Rely on the underlying data protection.
2.3.2 Strip roll
Stripe mode is equivalent to RAID0. In this mode, the file is divided into N blocks (N strip nodes) according to the offset, and stored in each BrickServer node in a poll. The node stores each data block as an ordinary file in the local file system, and records the total number of blocks (Stripe-count) and the serial number of each block (Stripe-index) through extended attributes.
Features:
The data is divided into smaller pieces and distributed to different strips in the block server group.
Distribution reduces the load and smaller files accelerate the speed of access.
There is no data redundancy.
2.3.3 Copy volume
The replication mode, also known as AFR (AutoFileReplication), is equivalent to RAID1, that is, one or more copies of the same file are stored, and the same content and directory structure are stored on each node. . If the storage space on multiple nodes is inconsistent, the capacity of the lowest node will be taken as the total capacity of the volume according to the barrel effect.
Features:
All servers in the volume keep a complete copy.
The number of copies of the volume can be determined by the customer when it is created.
There are at least two block servers or more servers.
With redundancy.
2.3.4 Distributed striped volume
Distributed striped volumes take into account the functions of distributed volumes and striped volumes, and are mainly used for large file access processing. At least 4 servers are required to create a distributed striped volume.

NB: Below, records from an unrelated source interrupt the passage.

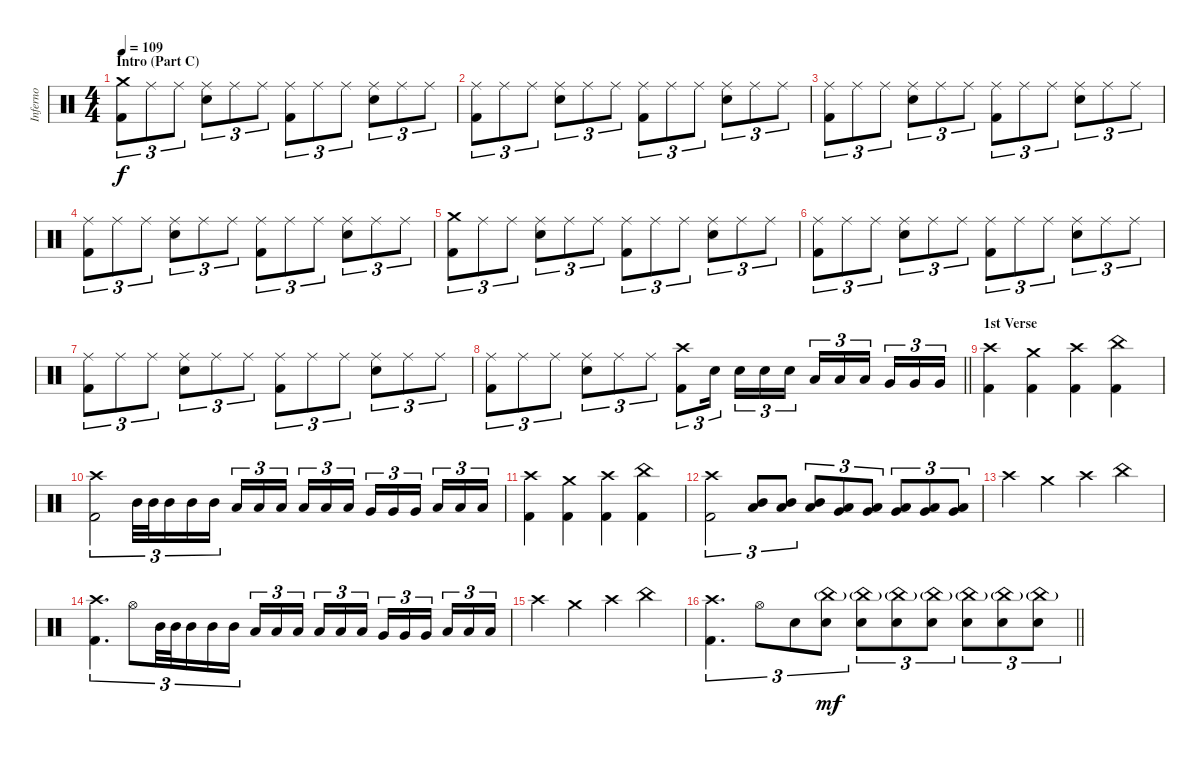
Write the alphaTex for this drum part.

\track ("Inferno" "Inferno") {instrument percussion}
\staff {score}
\articulation defaults
\ts (4 4)
\section ("" "Intro (Part C)")
\tempo 109
\clef neutral
\ks c
("Crash medium (hit)" "Kick (hit) 2").8{tu (3 2) dy f} "Ride (middle)".8{tu (3 2)} "Ride (middle)".8{tu (3 2)} ("Ride (middle)" "Snare (hit) 2").8{tu (3 2)} "Ride (middle)".8{tu (3 2)} "Ride (middle)".8{tu (3 2)} ("Ride (middle)" "Kick (hit) 2").8{tu (3 2)} "Ride (middle)".8{tu (3 2)} "Ride (middle)".8{tu (3 2)} ("Ride (middle)" "Snare (hit) 2").8{tu (3 2)} "Ride (middle)".8{tu (3 2)} "Ride (middle)".8{tu (3 2)} |
("Ride (middle)" "Kick (hit) 2").8{tu (3 2)} "Ride (middle)".8{tu (3 2)} "Ride (middle)".8{tu (3 2)} ("Ride (middle)" "Snare (hit) 2").8{tu (3 2)} "Ride (middle)".8{tu (3 2)} "Ride (middle)".8{tu (3 2)} ("Ride (middle)" "Kick (hit) 2").8{tu (3 2)} "Ride (middle)".8{tu (3 2)} "Ride (middle)".8{tu (3 2)} ("Ride (middle)" "Snare (hit) 2").8{tu (3 2)} "Ride (middle)".8{tu (3 2)} "Ride (middle)".8{tu (3 2)} |
("Ride (middle)" "Kick (hit) 2").8{tu (3 2)} "Ride (middle)".8{tu (3 2)} "Ride (middle)".8{tu (3 2)} ("Ride (middle)" "Snare (hit) 2").8{tu (3 2)} "Ride (middle)".8{tu (3 2)} "Ride (middle)".8{tu (3 2)} ("Ride (middle)" "Kick (hit) 2").8{tu (3 2)} "Ride (middle)".8{tu (3 2)} "Ride (middle)".8{tu (3 2)} ("Ride (middle)" "Snare (hit) 2").8{tu (3 2)} "Ride (middle)".8{tu (3 2)} "Ride (middle)".8{tu (3 2)} |
("Ride (middle)" "Kick (hit) 2").8{tu (3 2)} "Ride (middle)".8{tu (3 2)} "Ride (middle)".8{tu (3 2)} ("Ride (middle)" "Snare (hit) 2").8{tu (3 2)} "Ride (middle)".8{tu (3 2)} "Ride (middle)".8{tu (3 2)} ("Ride (middle)" "Kick (hit) 2").8{tu (3 2)} "Ride (middle)".8{tu (3 2)} "Ride (middle)".8{tu (3 2)} ("Ride (middle)" "Snare (hit) 2").8{tu (3 2)} "Ride (middle)".8{tu (3 2)} "Ride (middle)".8{tu (3 2)} |
("Crash medium (hit)" "Kick (hit) 2").8{tu (3 2)} "Ride (middle)".8{tu (3 2)} "Ride (middle)".8{tu (3 2)} ("Ride (middle)" "Snare (hit) 2").8{tu (3 2)} "Ride (middle)".8{tu (3 2)} "Ride (middle)".8{tu (3 2)} ("Ride (middle)" "Kick (hit) 2").8{tu (3 2)} "Ride (middle)".8{tu (3 2)} "Ride (middle)".8{tu (3 2)} ("Ride (middle)" "Snare (hit) 2").8{tu (3 2)} "Ride (middle)".8{tu (3 2)} "Ride (middle)".8{tu (3 2)} |
("Ride (middle)" "Kick (hit) 2").8{tu (3 2)} "Ride (middle)".8{tu (3 2)} "Ride (middle)".8{tu (3 2)} ("Ride (middle)" "Snare (hit) 2").8{tu (3 2)} "Ride (middle)".8{tu (3 2)} "Ride (middle)".8{tu (3 2)} ("Ride (middle)" "Kick (hit) 2").8{tu (3 2)} "Ride (middle)".8{tu (3 2)} "Ride (middle)".8{tu (3 2)} ("Ride (middle)" "Snare (hit) 2").8{tu (3 2)} "Ride (middle)".8{tu (3 2)} "Ride (middle)".8{tu (3 2)} |
("Ride (middle)" "Kick (hit) 2").8{tu (3 2)} "Ride (middle)".8{tu (3 2)} "Ride (middle)".8{tu (3 2)} ("Ride (middle)" "Snare (hit) 2").8{tu (3 2)} "Ride (middle)".8{tu (3 2)} "Ride (middle)".8{tu (3 2)} ("Ride (middle)" "Kick (hit) 2").8{tu (3 2)} "Ride (middle)".8{tu (3 2)} "Ride (middle)".8{tu (3 2)} ("Ride (middle)" "Snare (hit) 2").8{tu (3 2)} "Ride (middle)".8{tu (3 2)} "Ride (middle)".8{tu (3 2)} |
\barLineRight lightlight
("Ride (middle)" "Kick (hit) 2").8{tu (3 2)} "Ride (middle)".8{tu (3 2)} "Ride (middle)".8{tu (3 2)} ("Ride (middle)" "Snare (hit) 2").8{tu (3 2)} "Ride (middle)".8{tu (3 2)} "Ride (middle)".8{tu (3 2)} ("Crash high (hit)" "Kick (hit) 2").8{tu (3 2)} "Snare (hit) 2".16{tu (3 2) beam splitsecondary} "Snare (hit) 2".16{tu (3 2)} "Snare (hit) 2".16{tu (3 2)} "Snare (hit) 2".16{tu (3 2)} "Low Tom (hit)".16{tu (3 2)} "Low Tom (hit)".16{tu (3 2)} "Low Tom (hit)".16{tu (3 2) beam splitsecondary} "Very Low Tom (hit)".16{tu (3 2)} "Very Low Tom (hit)".16{tu (3 2)} "Very Low Tom (hit)".16{tu (3 2)} |
\section ("" "1st Verse")
("Crash high (hit)" "Kick (hit) 2").4 ("Crash medium (hit)" "Kick (hit) 2").4 ("Crash high (hit)" "Kick (hit) 2").4 ("China (hit)" "Kick (hit) 2").4 |
("Crash high (hit)" "Kick (hit) 2").2{tu (3 2)} "Mid Tom (hit)".32{tu (3 2)} "Mid Tom (hit)".32{tu (3 2)} "Mid Tom (hit)".16{tu (3 2)} "Mid Tom (hit)".16{tu (3 2)} "Mid Tom (hit)".16{tu (3 2)} "Low Tom (hit)".16{tu (3 2)} "Low Tom (hit)".16{tu (3 2)} "Low Tom (hit)".16{tu (3 2) beam splitsecondary} "Low Tom (hit)".16{tu (3 2)} "Low Tom (hit)".16{tu (3 2)} "Low Tom (hit)".16{tu (3 2)} "Very Low Tom (hit)".16{tu (3 2)} "Very Low Tom (hit)".16{tu (3 2)} "Very Low Tom (hit)".16{tu (3 2) beam splitsecondary} "Low Floor Tom (hit)".16{tu (3 2)} "Low Floor Tom (hit)".16{tu (3 2)} "Low Floor Tom (hit)".16{tu (3 2)} |
("Crash high (hit)" "Kick (hit) 2").4 ("Crash medium (hit)" "Kick (hit) 2").4 ("Crash high (hit)" "Kick (hit) 2").4 ("China (hit)" "Kick (hit) 2").4 |
("Crash high (hit)" "Kick (hit) 2").2{tu (3 2)} ("Mid Tom (hit)" "Low Tom (hit)").8{tu (3 2)} ("Mid Tom (hit)" "Low Tom (hit)").8{tu (3 2)} ("Mid Tom (hit)" "Low Tom (hit)").8{tu (3 2)} ("Low Tom (hit)" "Very Low Tom (hit)").8{tu (3 2)} ("Low Tom (hit)" "Very Low Tom (hit)").8{tu (3 2)} ("Low Tom (hit)" "Very Low Tom (hit)").8{tu (3 2)} ("Very Low Tom (hit)" "Low Floor Tom (hit)").8{tu (3 2)} ("Very Low Tom (hit)" "Low Floor Tom (hit)").8{tu (3 2)} |
"Crash high (hit)".4 "Crash medium (hit)".4 "Crash high (hit)".4 "China (hit)".4 |
("Crash high (hit)" "Kick (hit) 2").4{d tu (3 2)} "Hi-Hat (open)".8{tu (3 2)} "Mid Tom (hit)".32{tu (3 2)} "Mid Tom (hit)".32{tu (3 2) beam splitsecondary} "Mid Tom (hit)".16{tu (3 2)} "Mid Tom (hit)".16{tu (3 2)} "Mid Tom (hit)".16{tu (3 2)} "Low Tom (hit)".16{tu (3 2)} "Low Tom (hit)".16{tu (3 2)} "Low Tom (hit)".16{tu (3 2) beam splitsecondary} "Low Tom (hit)".16{tu (3 2)} "Low Tom (hit)".16{tu (3 2)} "Low Tom (hit)".16{tu (3 2)} "Very Low Tom (hit)".16{tu (3 2)} "Very Low Tom (hit)".16{tu (3 2)} "Very Low Tom (hit)".16{tu (3 2) beam splitsecondary} "Low Floor Tom (hit)".16{tu (3 2)} "Low Floor Tom (hit)".16{tu (3 2)} "Low Floor Tom (hit)".16{tu (3 2)} |
"Crash high (hit)".4 "Crash medium (hit)".4 "Crash high (hit)".4 "China (hit)".4 |
\barLineRight lightlight
("Crash high (hit)" "Kick (hit) 2").4{d tu (3 2)} "Hi-Hat (open)".8{tu (3 2)} "Snare (hit) 2".8{tu (3 2)} ("China (hit)"{g} "Snare (hit) 2").8{tu (3 2) dy mf} ("China (hit)"{g} "Snare (hit) 2").8{tu (3 2)} ("China (hit)"{g} "Snare (hit) 2").8{tu (3 2)} ("China (hit)"{g} "Snare (hit) 2").8{tu (3 2)} ("China (hit)"{g} "Snare (hit) 2").8{tu (3 2)} ("China (hit)"{g} "Snare (hit) 2").8{tu (3 2)} ("China (hit)"{g} "Snare (hit) 2").8{tu (3 2)}

When creating a volume, if the number of storage servers is equal to the number of stripes or replicates, then the created volume is a striped or replicated volume; if the number of storage servers is twice or more the number of stripes or replicates, then the number of storage servers will be created Distributed striped volume or distributed replicated volume.
2.3.5 Distributed replication volume
Distributed replicated volumes take into account the functions of distributed volumes and replicated volumes, and are mainly used when redundancy is required. Generally suitable for occasions with high storage security requirements, such as banks.